O vídeo abaixo é impressionante e elucidativo. Já tinha visto vídeos com comunicações russas interceptadas mas não os tinha aqui referido pois não sabia se era informação fidedigna. Parecia-me quase impossível. Mas este vídeo é do The New York Times e tudo foi checkado, inclusivamente duplamente checkado, confrontando imagens com o que as informações que militares russos trocavam entre si. Chega a ser desconcertante. Mas é, sobretudo, muito triste. Se os ucranianos lutam com unhas e dentes e anima-os a força de defenderem o seu país, estes pobres soldados estão também a passar por horrores sem saberem porquê e, pelo que se percebe, sentindo-se desprotegidos, desapoiados.

Russia Struggled to Capture a Ukrainian Town.

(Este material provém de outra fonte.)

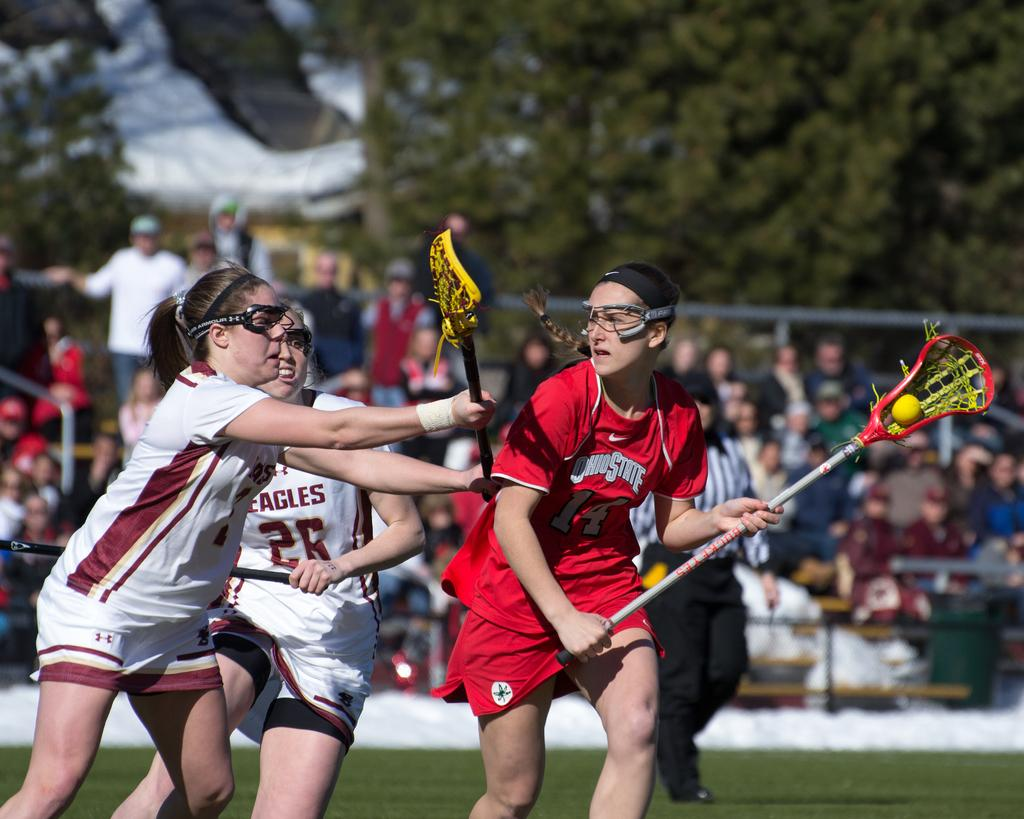Provide a one-sentence caption for the provided image. the team in white jersey is the Eagles. 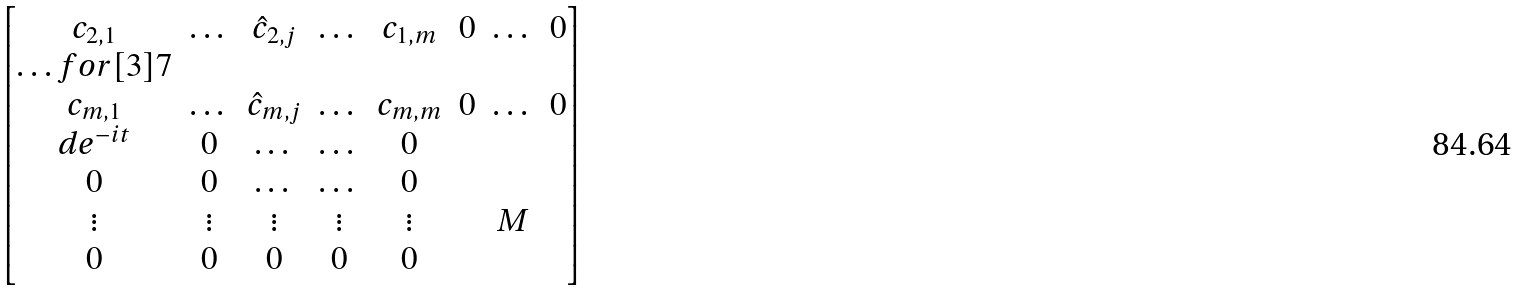Convert formula to latex. <formula><loc_0><loc_0><loc_500><loc_500>\begin{bmatrix} c _ { 2 , 1 } & \dots & \hat { c } _ { 2 , j } & \dots & c _ { 1 , m } & 0 & \dots & 0 \\ \hdots f o r [ 3 ] { 7 } \\ c _ { m , 1 } & \dots & \hat { c } _ { m , j } & \dots & c _ { m , m } & 0 & \dots & 0 \\ d e ^ { - i t } & 0 & \dots & \dots & 0 & & & \\ 0 & 0 & \dots & \dots & 0 & & & \\ \vdots & \vdots & \vdots & \vdots & \vdots & & M & \\ 0 & 0 & 0 & 0 & 0 & & & \\ \end{bmatrix}</formula>

Intercepted Radio Messages Show Why

The Times’s Visual Investigations team analyzed dozens of battlefield radio transmissions between Russian forces during an initial invasion of the town of Makariv, outside Kyiv. They reveal an army struggling with logistical problems and communication failures.


Россия пыталась захватить украинский город. Перехваченные радиосообщения показывают, почему

Группа визуальных расследований The Times проанализировала десятки радиопередач с поля боя между российскими войсками во время первоначального вторжения в город Макаров под Киевом. Они показывают армию, борющуюся с проблемами логистики и сбоями связи.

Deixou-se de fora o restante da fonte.